*** Opening of Dataset records ***

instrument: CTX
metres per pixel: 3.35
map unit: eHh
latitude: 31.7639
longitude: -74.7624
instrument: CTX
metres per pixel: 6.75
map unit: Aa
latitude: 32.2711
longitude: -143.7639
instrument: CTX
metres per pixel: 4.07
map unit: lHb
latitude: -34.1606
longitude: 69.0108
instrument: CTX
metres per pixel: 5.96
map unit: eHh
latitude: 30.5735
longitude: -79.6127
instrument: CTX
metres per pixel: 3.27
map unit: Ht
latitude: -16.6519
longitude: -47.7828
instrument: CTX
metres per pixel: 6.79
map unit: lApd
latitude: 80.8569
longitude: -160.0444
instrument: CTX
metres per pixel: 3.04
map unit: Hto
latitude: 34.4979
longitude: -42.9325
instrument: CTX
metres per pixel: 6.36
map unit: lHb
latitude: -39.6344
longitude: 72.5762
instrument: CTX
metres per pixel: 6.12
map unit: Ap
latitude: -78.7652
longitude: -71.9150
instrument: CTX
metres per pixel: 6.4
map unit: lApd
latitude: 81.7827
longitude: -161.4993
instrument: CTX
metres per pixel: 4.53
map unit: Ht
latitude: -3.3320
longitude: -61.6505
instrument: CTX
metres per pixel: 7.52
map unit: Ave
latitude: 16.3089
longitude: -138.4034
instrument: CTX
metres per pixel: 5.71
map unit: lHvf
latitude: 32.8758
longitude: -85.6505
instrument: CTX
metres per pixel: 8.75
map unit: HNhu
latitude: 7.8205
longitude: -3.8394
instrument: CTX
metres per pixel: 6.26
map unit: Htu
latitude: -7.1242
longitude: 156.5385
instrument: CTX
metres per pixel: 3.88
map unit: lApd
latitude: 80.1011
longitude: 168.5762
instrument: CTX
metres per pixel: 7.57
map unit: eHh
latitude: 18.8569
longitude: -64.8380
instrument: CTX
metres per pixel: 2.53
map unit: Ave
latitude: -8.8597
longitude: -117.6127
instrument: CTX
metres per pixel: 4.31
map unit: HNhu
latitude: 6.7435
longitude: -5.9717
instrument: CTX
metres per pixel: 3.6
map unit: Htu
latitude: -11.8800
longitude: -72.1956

*** Close of Dataset records ***
*** Opening of Dataset records ***

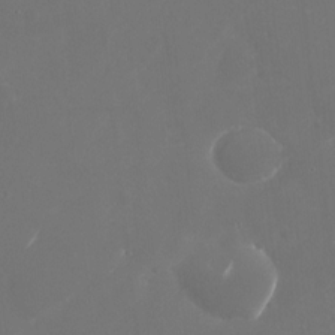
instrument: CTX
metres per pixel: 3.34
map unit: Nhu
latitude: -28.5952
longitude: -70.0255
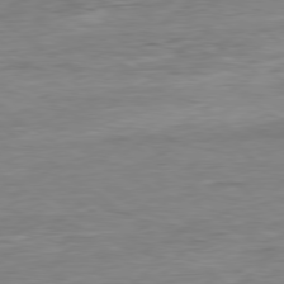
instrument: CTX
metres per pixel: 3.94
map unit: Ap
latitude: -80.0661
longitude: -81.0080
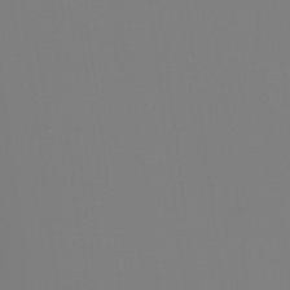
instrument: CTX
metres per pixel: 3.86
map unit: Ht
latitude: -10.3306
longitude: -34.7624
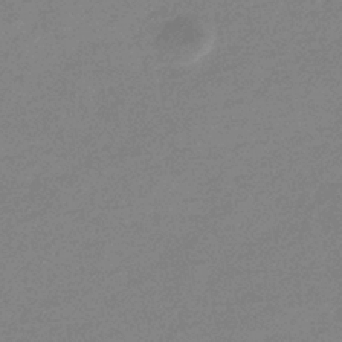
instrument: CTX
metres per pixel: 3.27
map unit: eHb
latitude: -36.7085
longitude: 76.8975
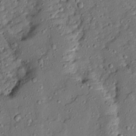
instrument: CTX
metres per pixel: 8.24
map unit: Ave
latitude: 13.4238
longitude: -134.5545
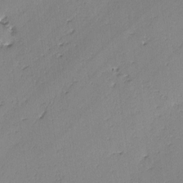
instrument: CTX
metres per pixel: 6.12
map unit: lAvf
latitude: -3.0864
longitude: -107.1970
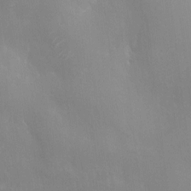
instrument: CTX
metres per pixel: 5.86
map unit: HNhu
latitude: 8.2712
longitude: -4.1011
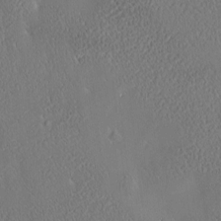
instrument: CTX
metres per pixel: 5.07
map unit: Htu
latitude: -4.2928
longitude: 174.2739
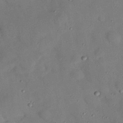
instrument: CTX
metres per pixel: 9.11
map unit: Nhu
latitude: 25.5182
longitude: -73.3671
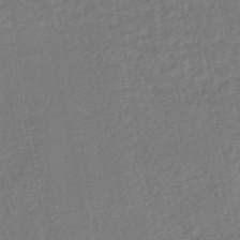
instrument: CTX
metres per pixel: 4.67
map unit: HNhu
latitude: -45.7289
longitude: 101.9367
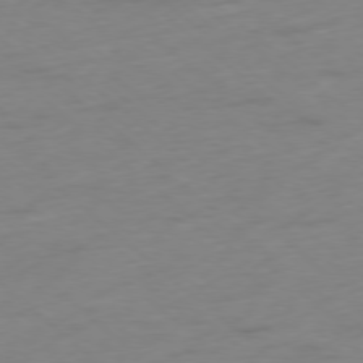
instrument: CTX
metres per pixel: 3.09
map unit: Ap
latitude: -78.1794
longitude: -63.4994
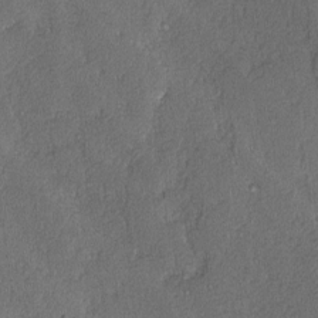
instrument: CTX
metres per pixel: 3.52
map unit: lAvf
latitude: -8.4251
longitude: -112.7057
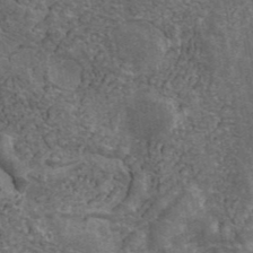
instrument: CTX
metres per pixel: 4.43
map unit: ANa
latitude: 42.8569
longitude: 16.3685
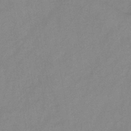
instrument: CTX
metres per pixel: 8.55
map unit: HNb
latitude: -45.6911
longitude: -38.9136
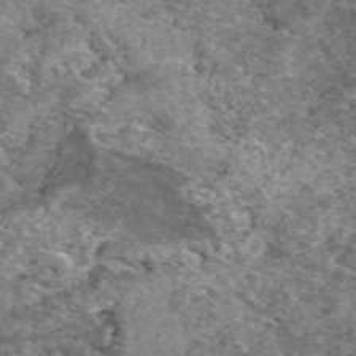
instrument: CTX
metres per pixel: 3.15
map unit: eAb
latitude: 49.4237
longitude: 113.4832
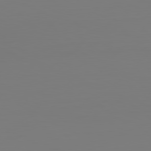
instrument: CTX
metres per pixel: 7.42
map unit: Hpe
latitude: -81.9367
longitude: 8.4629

*** Close of Dataset records ***

In the records above, find the line containing "longitude: -112.7057" and the line containing "longitude: 8.4629", then give both of them again word for word along with every line between. Omit any pictures.

longitude: -112.7057
instrument: CTX
metres per pixel: 4.43
map unit: ANa
latitude: 42.8569
longitude: 16.3685
instrument: CTX
metres per pixel: 8.55
map unit: HNb
latitude: -45.6911
longitude: -38.9136
instrument: CTX
metres per pixel: 3.15
map unit: eAb
latitude: 49.4237
longitude: 113.4832
instrument: CTX
metres per pixel: 7.42
map unit: Hpe
latitude: -81.9367
longitude: 8.4629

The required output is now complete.